A arena política não é recomendável para estômagos sensíveis.
Depois dos episódios da semana passada, em especial depois da ofensiva do governo contra a CPI dos Bancos, parece não haver dúvidas sobre quem saiu vencedor. Mas, a julgar pelos resultados da pesquisa Datafolha hoje publicados, o vencedor político pode ter sido moralmente derrotado.
Nada menos que 64% dos entrevistados acreditam que o presidente agiu movido por interesses discutíveis. A expressiva maioria quer uma CPI. E os entrevistados estão muito longe de qualquer consenso quanto aos efeitos que uma CPI teria sobre a estabilidade do sistema financeiro.

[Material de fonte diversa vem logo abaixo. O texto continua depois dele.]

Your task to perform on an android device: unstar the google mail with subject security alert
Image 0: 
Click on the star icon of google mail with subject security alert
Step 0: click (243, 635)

Em favor do governo está o fato, igualmente refletido na pesquisa, de que o número de entrevistados que considera a gestão FHC ótima ou boa tenha passado dos 32% em dezembro para 38%, agora.

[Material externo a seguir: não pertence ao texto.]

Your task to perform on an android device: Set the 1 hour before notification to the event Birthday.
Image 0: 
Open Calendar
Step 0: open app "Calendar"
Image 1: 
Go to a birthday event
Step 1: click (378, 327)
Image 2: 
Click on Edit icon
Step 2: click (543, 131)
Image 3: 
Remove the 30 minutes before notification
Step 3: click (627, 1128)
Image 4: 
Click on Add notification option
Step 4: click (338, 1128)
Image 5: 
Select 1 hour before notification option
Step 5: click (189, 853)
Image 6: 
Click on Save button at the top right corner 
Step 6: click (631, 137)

Ou seja, mesmo sendo unânime a frustração com a opção governista contra a CPI, o cálculo dos benefícios alcançados até agora com este governo supera a percepção de custos.
Haverá sempre a hipótese de que as autoridades e os políticos que a elas se aliaram contra a CPI tenham agido animados por uma sabedoria maior, por uma visão mais precisa dos fatos que a população não alcança. Mas essa hipótese, fantasiosa numa democracia, é das mais inoportunas.
O apoio a FHC sustenta-se, possivelmente, em sua maior parte no sucesso da luta contra a inflação. Sua imagem de homem probo também deve ter pesado na apreciação.
Mas o fato de a campanha contra a CPI ter desagradado à maioria do eleitorado provavelmente significa que, nas campanhas eleitorais deste e dos próximos anos, uma suposta conivência de FHC com irregularidades no sistema financeiro poderá voltar recorrentemente à agenda.
O governo levou à lona o inimigo. Mas o fantasma do cadáver insepulto talvez não caia no esquecimento. Pior para os estômagos sensíveis.